You may (sometimes have to) upload files in parts. This means instead of opening a single HTTP connection to transfer the whole binary to the REST API, you open multiple connections. Each HTTP connection ships part of the file.
Using multipart uploads enables the following features.
Increasing the upload speed by uploading the parts concurrently.
Pausing the upload.
Multipart upload is a must for uploads which require HTTP connection longer than the REST API timeouts. Multipart upload is recommended for uploading files that are larger than 5 MB. That size also constitutes the minimum size of the upload part (the last chunk may be smaller). The maximum number of chunks is 10,000. The sizes of chunks must be equal (the exception is the last chunk which may be smaller). The chunk size is defined with the first upload chunk, based on Content-Range header.
Example 3. Multipart upload
// Get total file size
const stats = await fs.promises.stat(FILE_PATH);
const fileSize = stats.size;
// Define function for uploading single chunk from the file
const uploadChunk = async (start: number, end: number, headers: HeadersInit = {}) => {
const chunkStream = fs.createReadStream('./path/to/file', { start: start, end: end });
const chunk = await arrayBuffer(chunkStream)
const response = await fetch(`https://api.akord.com/files?tags=${tagsBase64Encoded}`, {
method: 'POST',
headers: {
'Api-Key': 'your_api_key',
'Content-Type': 'application/pdf',
'Content-Range': `bytes ${start}-${end}/${fileSize}`,
...headers
},
body: chunk
});
if (response.status !== 202) {
throw new Error('Failed to upload first chunk of the file. Status code: ' + response.status);
}
return response;
}
// Upload first chunk of the file
const response = await uploadChunk(0, CHUNK_SIZE);
// Read location of the multipart upload
const contentLocation = response.headers.get('Content-Location');
if (!contentLocation) {
throw new Error('Content-Location header is missing');
}
// Upload middle chunks of the file using 'Content-Location' & 'Content-Range' - can be done concurrently
let sourceOffset = CHUNK_SIZE;
const chunkUploadPromises = [];
while (sourceOffset + CHUNK_SIZE < fileSize) {
const chunkUploadPromise = uploadChunk(sourceOffset, sourceOffset + CHUNK_SIZE, { 'Content-Location': contentLocation });
chunkUploadPromises.push(chunkUploadPromise);
sourceOffset += CHUNK_SIZE;
}
await Promise.all(chunkUploadPromises);
// Upload last chunk of the file to complete the multipart upload
const res = await uploadChunk(sourceOffset, fileSize, { 'Content-Location': contentLocation });
import os
import requests
# Get total file size
file_path = './tests/data/20mb.pdf'
file_size = os.path.getsize(file_path)
# Define function to upload a chunk
def upload_chunk(start, end, headers=None):
with open(file_path, 'rb') as file:
file.seek(start)
chunk = file.read(end - start + 1)
headers = headers or {}
headers['Content-Range'] = f'bytes {start}-{end}/{file_size}'
headers['Content-Type'] = 'application/pdf'
headers['Authorization'] = 'Bearer <your_access_token>'
response = requests.post(f'{os.environ["BASE_URL"]}/files?tags={tags_base64_encoded}',
data=chunk,
headers=headers)
print("Uploaded chunk:", f'bytes {start}-{end}/{file_size}')

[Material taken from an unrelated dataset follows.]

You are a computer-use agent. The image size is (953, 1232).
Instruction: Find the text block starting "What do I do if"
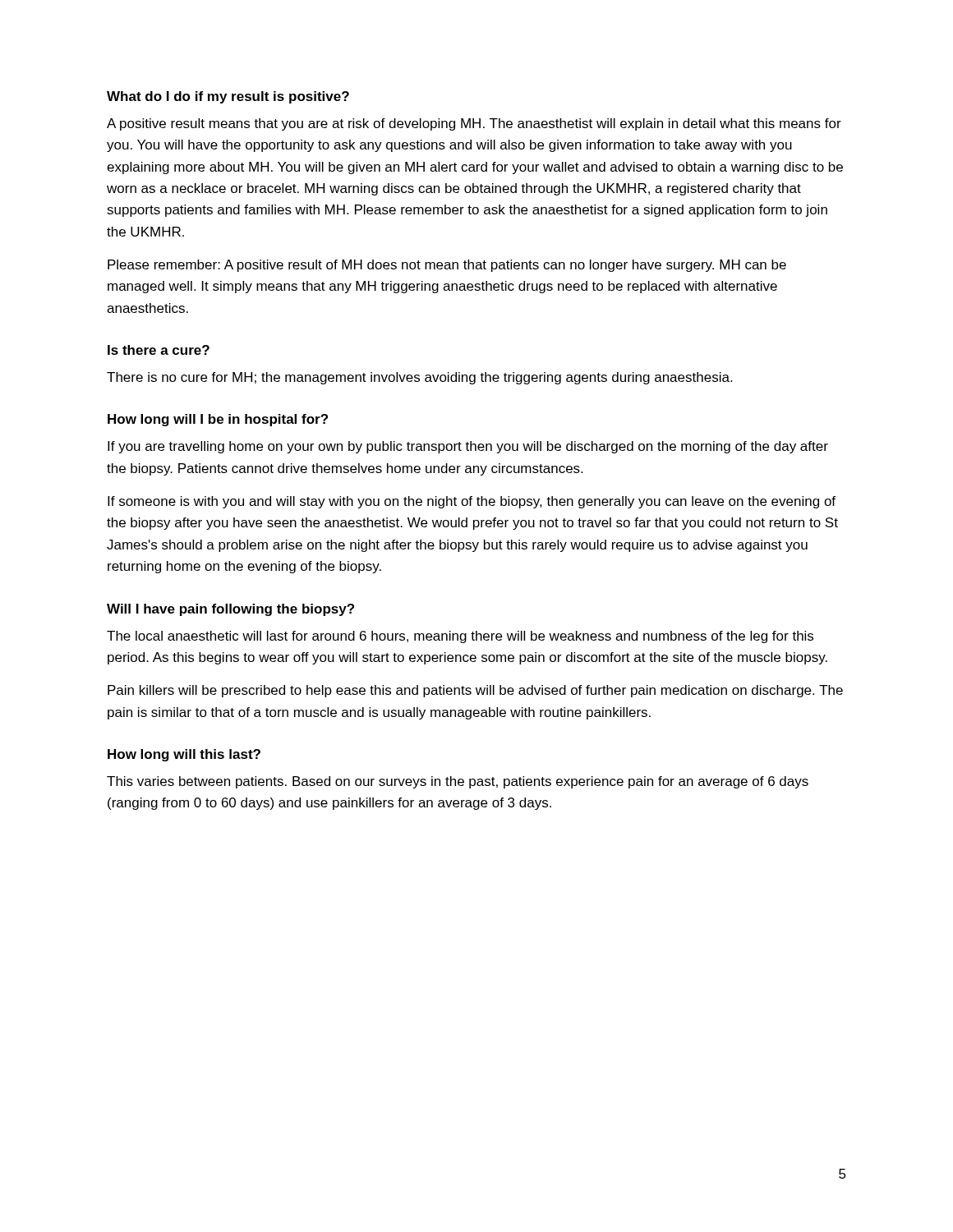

if response.status_code != 202:
raise ValueError('Failed to upload chunk of the file. Status code: ' + str(response.status_code))
return response
# Upload first chunk of the file
response = upload_chunk(0, CHUNK_SIZE)
# Read location of the multipart upload
content_location = response.headers.get('Content-Location')
if not content_location:
raise ValueError('Content-Location header is missing')
# Upload middle chunks of the file using 'Content-Location' & 'Content-Range' - can be done concurrently
source_offset = CHUNK_SIZE
while source_offset + CHUNK_SIZE < file_size:
upload_chunk(source_offset, source_offset + CHUNK_SIZE, {'Content-Location': content_location})
source_offset += CHUNK_SIZE
# Upload last chunk of the file to complete the multipart upload
upload_chunk(source_offset, file_size, {'Content-Location': content_location})